(Source data)
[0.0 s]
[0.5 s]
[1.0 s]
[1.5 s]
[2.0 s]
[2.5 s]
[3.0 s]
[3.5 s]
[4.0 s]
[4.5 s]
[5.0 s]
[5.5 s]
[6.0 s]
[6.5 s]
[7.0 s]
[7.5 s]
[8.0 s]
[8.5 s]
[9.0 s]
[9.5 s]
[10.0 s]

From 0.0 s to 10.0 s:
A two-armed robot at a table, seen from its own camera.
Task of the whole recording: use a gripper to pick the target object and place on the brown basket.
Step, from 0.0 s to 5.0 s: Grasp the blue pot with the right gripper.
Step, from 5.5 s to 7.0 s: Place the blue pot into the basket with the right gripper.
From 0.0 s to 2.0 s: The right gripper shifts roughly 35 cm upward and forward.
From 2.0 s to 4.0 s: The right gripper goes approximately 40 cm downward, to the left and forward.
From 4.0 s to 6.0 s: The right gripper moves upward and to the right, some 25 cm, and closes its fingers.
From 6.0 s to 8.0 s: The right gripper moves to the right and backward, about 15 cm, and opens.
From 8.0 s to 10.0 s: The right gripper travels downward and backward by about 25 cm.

→ WORK TASK
Each line of the data should be transcribed exactly.

→ THE ANSWER
[0.0 s]
[0.5 s]
[1.0 s]
[1.5 s]
[2.0 s]
[2.5 s]
[3.0 s]
[3.5 s]
[4.0 s]
[4.5 s]
[5.0 s]
[5.5 s]
[6.0 s]
[6.5 s]
[7.0 s]
[7.5 s]
[8.0 s]
[8.5 s]
[9.0 s]
[9.5 s]
[10.0 s]

From 0.0 s to 10.0 s:
A two-armed robot at a table, seen from its own camera.
Task of the whole recording: use a gripper to pick the target object and place on the brown basket.
Step, from 0.0 s to 5.0 s: Grasp the blue pot with the right gripper.
Step, from 5.5 s to 7.0 s: Place the blue pot into the basket with the right gripper.
From 0.0 s to 2.0 s: The right gripper shifts roughly 35 cm upward and forward.
From 2.0 s to 4.0 s: The right gripper goes approximately 40 cm downward, to the left and forward.
From 4.0 s to 6.0 s: The right gripper moves upward and to the right, some 25 cm, and closes its fingers.
From 6.0 s to 8.0 s: The right gripper moves to the right and backward, about 15 cm, and opens.
From 8.0 s to 10.0 s: The right gripper travels downward and backward by about 25 cm.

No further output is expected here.